Beate Sirota Gordon was an Austrian-born American women's rights advocate and performing arts presenter. She was part of the team that wrote the Constitution of Japan under American military leader Douglas MacArthur after the Second World War. Beate Sirota Gordon won numerous awards, including the American Dance Guild Award, for her achievement as an arts presenter.
Maria-Anna Galitzine is a Belgian traditionalist Catholic activist. She is best known for her role in a campaign seeking sainthood for her grandparents, Zita of Bourbon-Parma and Charles I of Austria, the last empress and emperor of Austria-Hungary.
Hungarian journalist Karl-Maria Kertbeny is best remembered for coining terms such as homosexual and heterosexual. The suicide of a gay friend after being blackmailed made Kertbeny study homosexuality in detail later. A prominent gay rights activist, he also believed homosexuality was inborn but didn’t live to see acceptance of his ideas.
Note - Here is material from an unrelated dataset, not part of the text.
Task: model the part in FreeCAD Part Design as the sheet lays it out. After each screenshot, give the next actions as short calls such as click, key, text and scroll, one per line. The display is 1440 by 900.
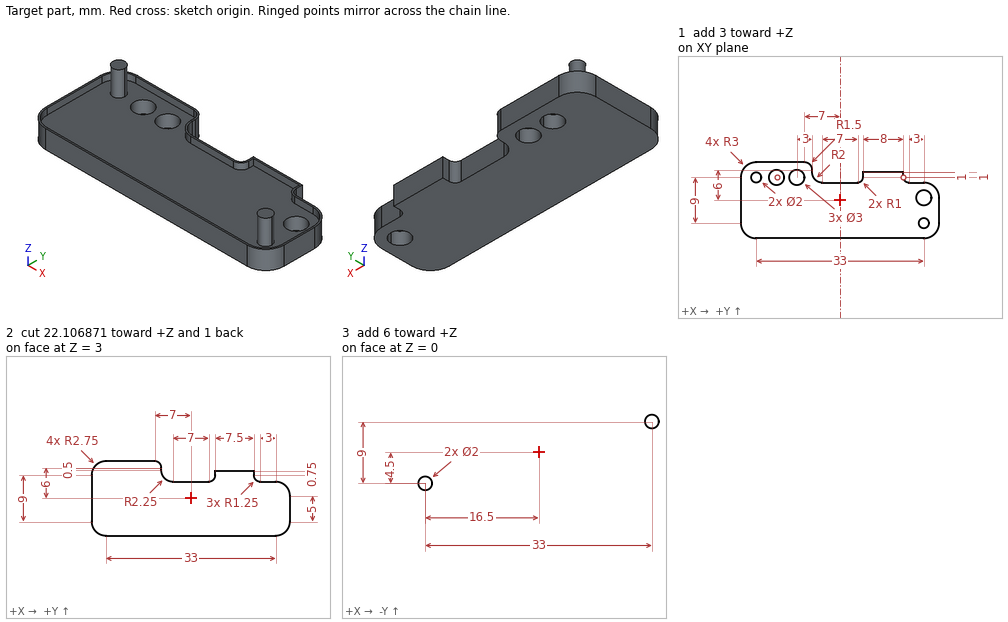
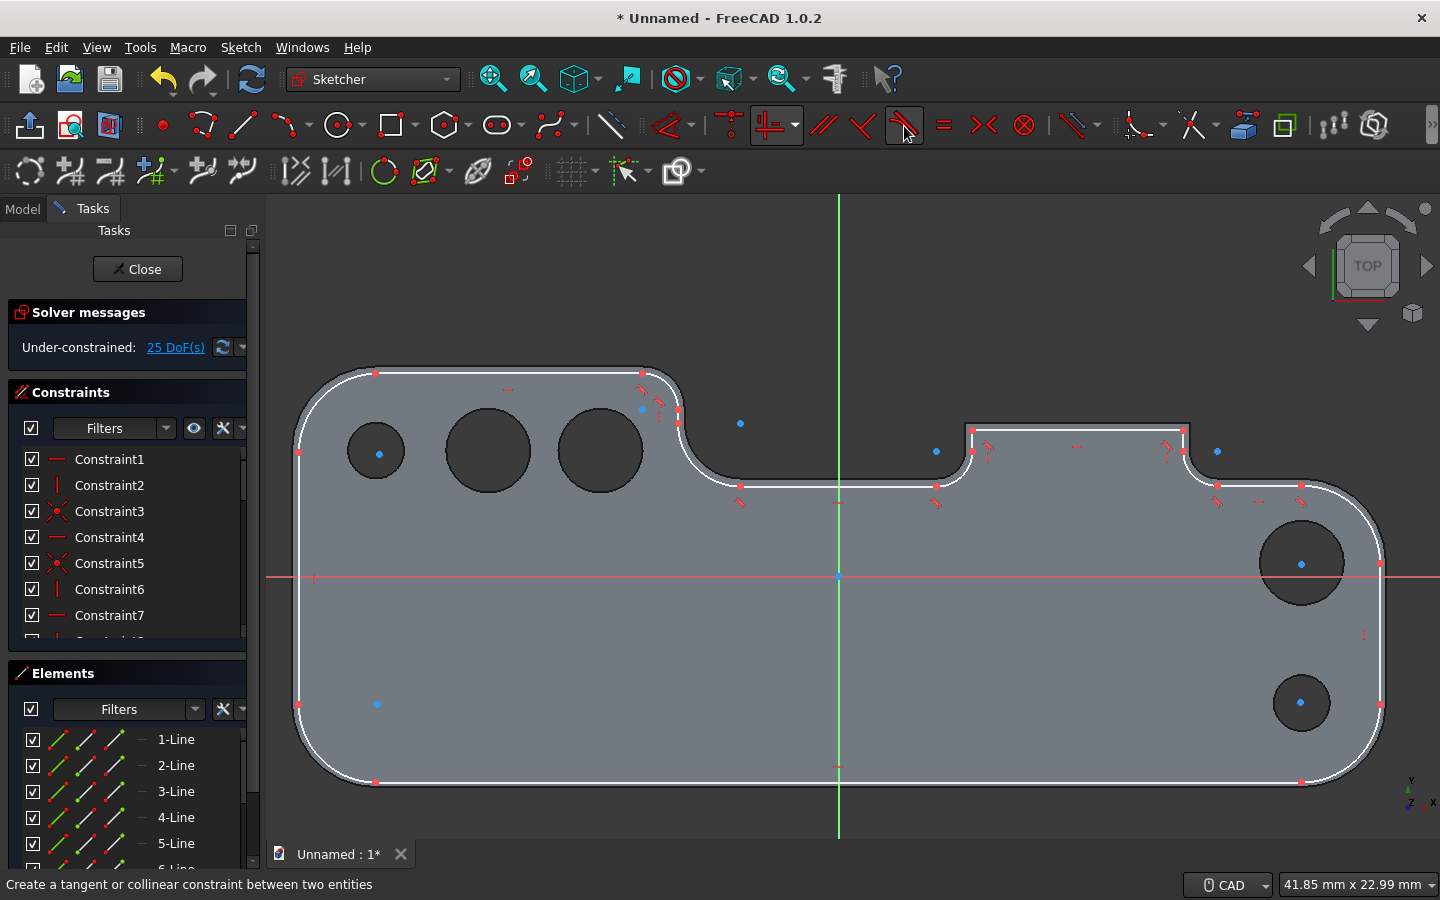
click(562, 373)
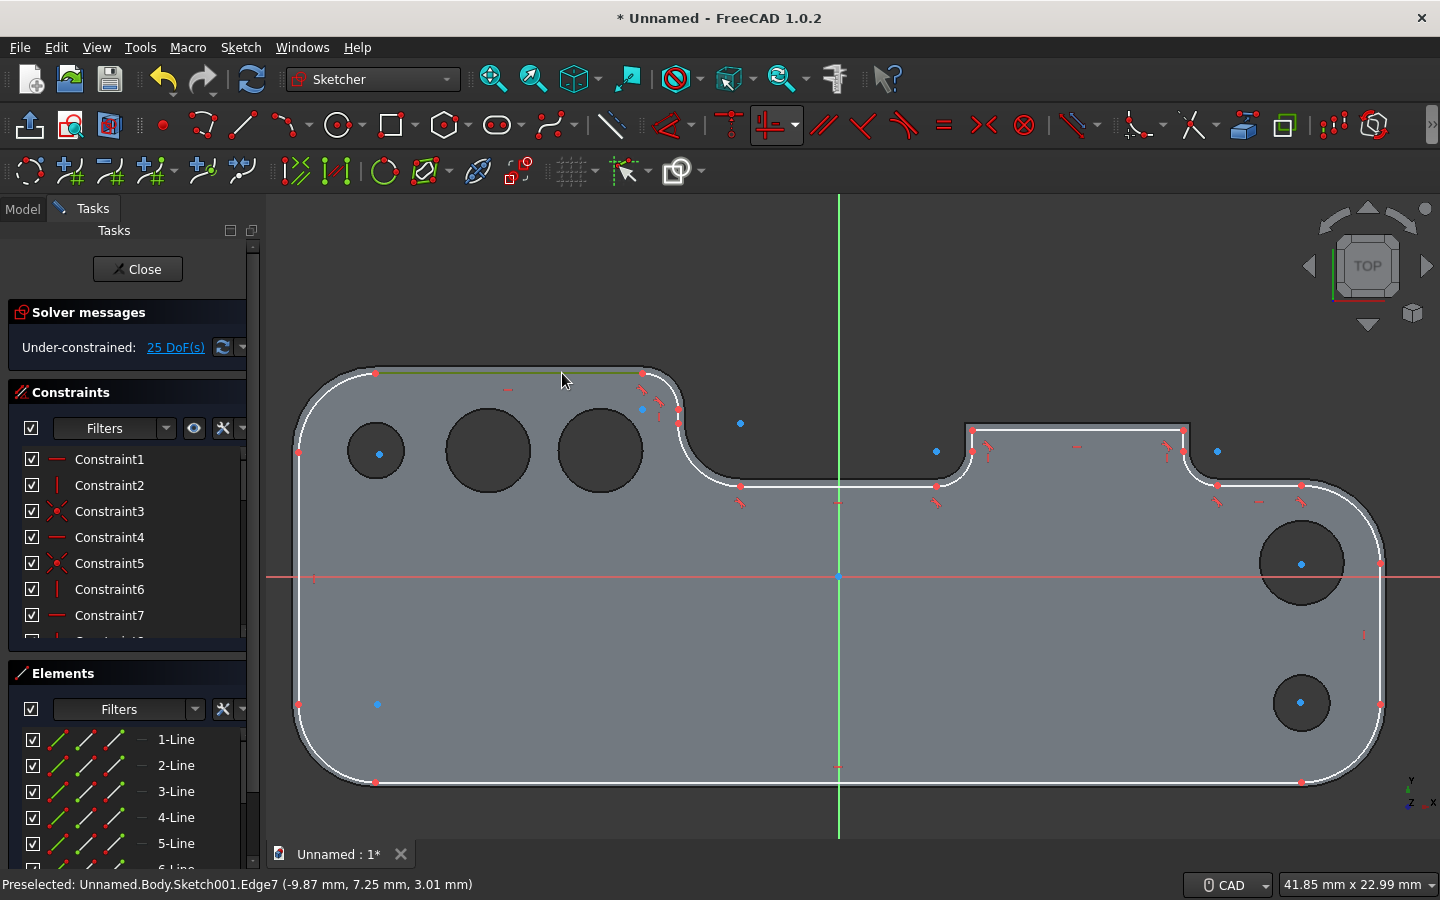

Neo-Nazi Austrian author and poet Gerd Honsik, also known by his pseudonym, Endsik, was a prominent Holocaust denier. Jailed many times for his far-right extremism, he had also released anti-Semitic books and hate magazines. He was also a member of the now-banned far-right party NDP.
Karlo Štajner was an Austrian-Yugoslav communist activist. He is perhaps best remembered for his 1971 book Seven Thousand Days in Siberia, which was about his experiences in Siberia. The book achieved popularity and was a bestseller in Yugoslavia. A major newspaper called Vjesnik named it book of the year 1972.